The difference between this and a mechanical obstruction is that the actual process of the intestines is interrupted. This is when the intestine stops contracting in the usual way.

  1. Scarring – again, this is not something that will block the intestine, but rather something that affects the intestine itself.
  2. Diabetes – this can affect a wide range of organs, the cause being not enough glucose getting to the cells.
  3. Hirschsprung’s Disease – this is when there are no nerve endings in the intestine itself.
  4. Muscle disorders – illnesses such as Parkinson’s will affect the overall functioning of the intestine itself.
  5. General anesthetic – this will interrupt the functioning of the intestine, often causing the contractions to be a lot slower.
  6. Pain relief medication – again, this will act in much the same way as a general anesthetic in that it can alter the rhythm or intensity of the intestines’ natural contractions.

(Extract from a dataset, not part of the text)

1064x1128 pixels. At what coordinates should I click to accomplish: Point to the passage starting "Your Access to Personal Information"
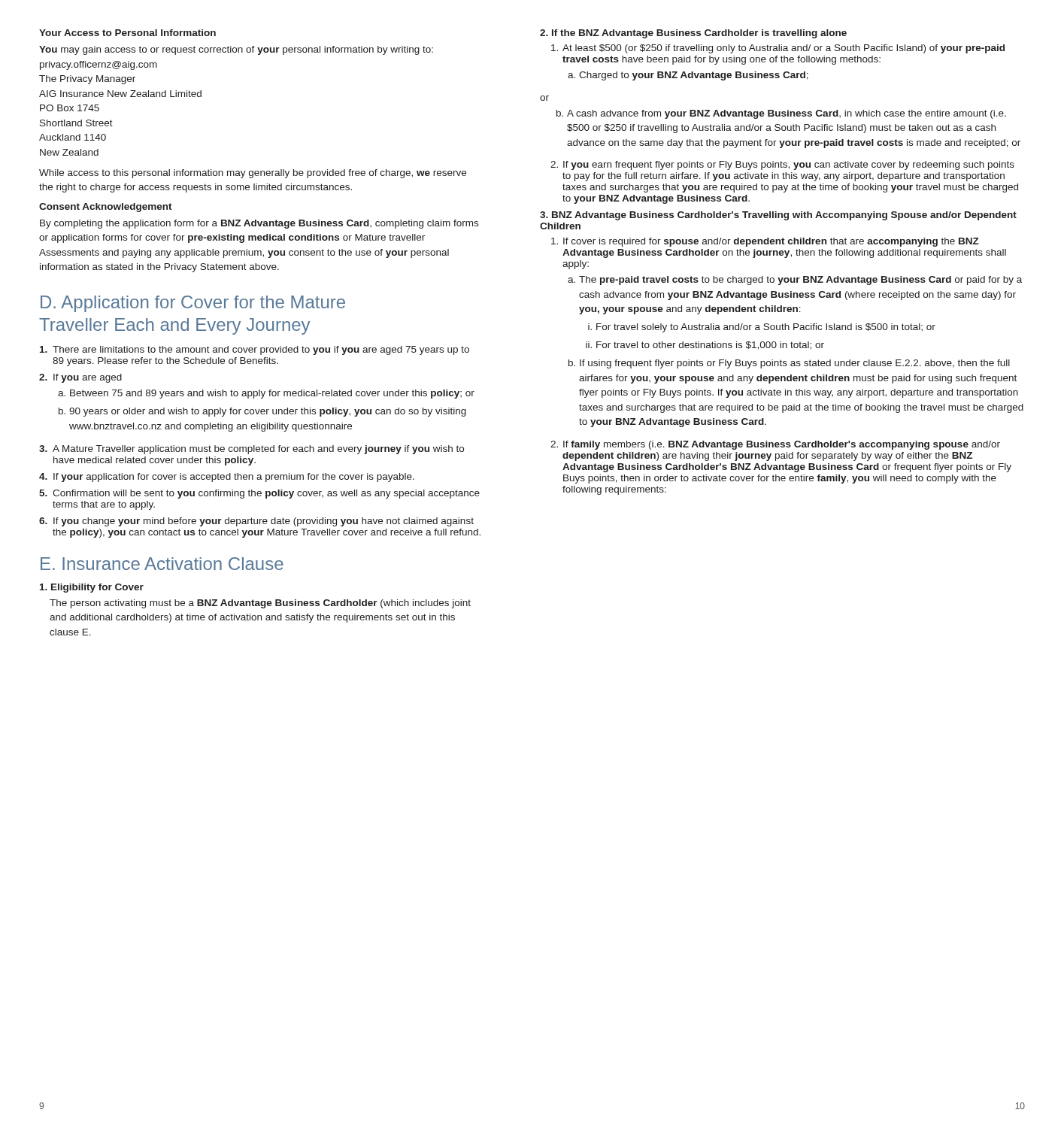click(128, 33)

What Else Can Cause A Bowel Obstruction?

There are many conditions that can lead to the intestines becoming more blocked over time. Here are just a few:

  1. Cancer – if you have cancer in the bowel, then this might cause the intestines to stop functioning as they normally would, leading to mechanical and nonmechanical obstructions.
  2. Crohn’s disease – this cab often affects the functioning of the bowels and even leads to the removal of the bowel entirely.
  3. Ulcerative colitis – This is a long-term condition where the bowel and the intestines become inflamed.
  4. Previous surgery on the abdomen – could put stress on the colon that will affect the functioning of the intestines themselves. This might increase the number of objects that adhere to the side of the intestines.
  5. Radiation therapy – can also alter the functioning of the intestine on a cellular level.

Can You Still Pass A Stool With A Bowel Obstruction?

Yes, although this will depend on what kind of obstruction you have. If you have a nonmechanical obstruction, then you might still be able to pass stools, although this will be a lot more difficult.

You can take laxatives to help you pass stools easier when you are suffering from a bowel obstruction. If you have constipation that lasts for longer than a few days, then you’ll want to seek medical attention urgently.

Bowel Obstructions And Old Age

As you get older, the function of the liver will be a lot less efficient, which will increase the likelihood of bowel obstruction. 

If you are suffering from a malignant tumor in old age, then this might be another reason that you are suffering from a blockage.


We hope that our guide to bowel obstructions and how to identify which type you have has given you a better idea of what course of action you can take.